### Your task:
Copy each line of the entries beneath that contains the word "factors".

### Provided material:
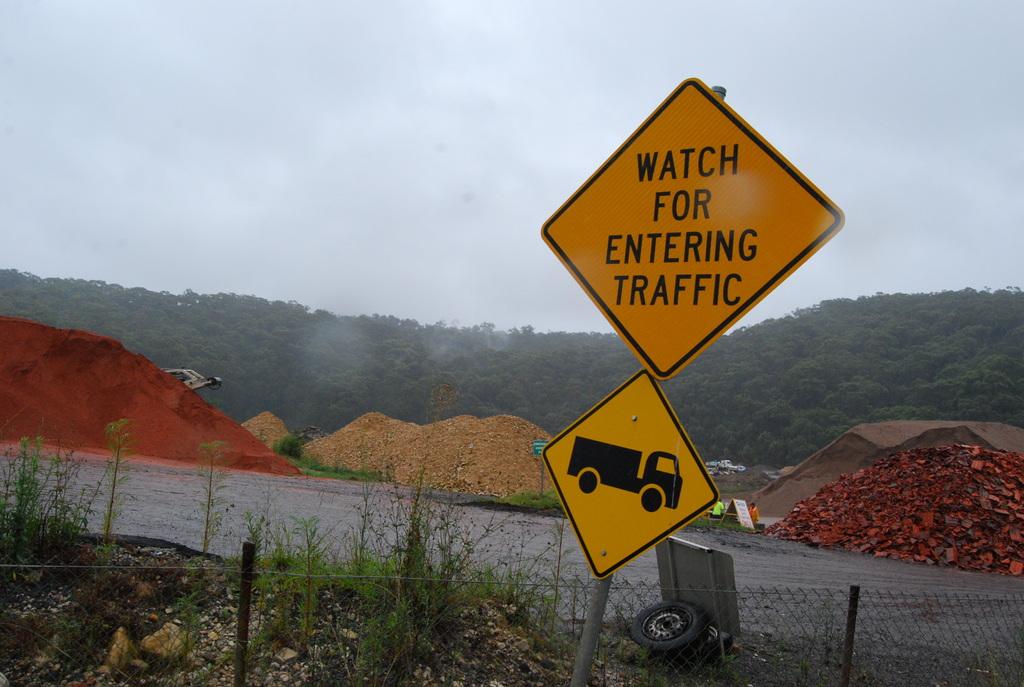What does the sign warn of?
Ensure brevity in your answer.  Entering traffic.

...

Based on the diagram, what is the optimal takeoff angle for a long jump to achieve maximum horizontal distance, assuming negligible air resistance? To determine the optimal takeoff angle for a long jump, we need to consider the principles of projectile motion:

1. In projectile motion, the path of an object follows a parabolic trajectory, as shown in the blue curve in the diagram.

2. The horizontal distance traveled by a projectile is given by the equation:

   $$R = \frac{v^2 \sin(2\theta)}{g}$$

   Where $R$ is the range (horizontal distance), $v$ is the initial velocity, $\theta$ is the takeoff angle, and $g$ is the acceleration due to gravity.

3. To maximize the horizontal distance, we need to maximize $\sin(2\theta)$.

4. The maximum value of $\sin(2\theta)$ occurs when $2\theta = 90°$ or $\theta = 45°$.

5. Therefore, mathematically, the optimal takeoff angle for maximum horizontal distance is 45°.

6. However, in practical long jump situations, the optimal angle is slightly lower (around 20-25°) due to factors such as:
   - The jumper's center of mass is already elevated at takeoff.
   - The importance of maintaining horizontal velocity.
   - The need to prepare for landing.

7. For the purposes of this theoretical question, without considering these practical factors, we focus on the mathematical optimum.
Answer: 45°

### Response area:
6. However, in practical long jump situations, the optimal angle is slightly lower (around 20-25°) due to factors such as:
7. For the purposes of this theoretical question, without considering these practical factors, we focus on the mathematical optimum.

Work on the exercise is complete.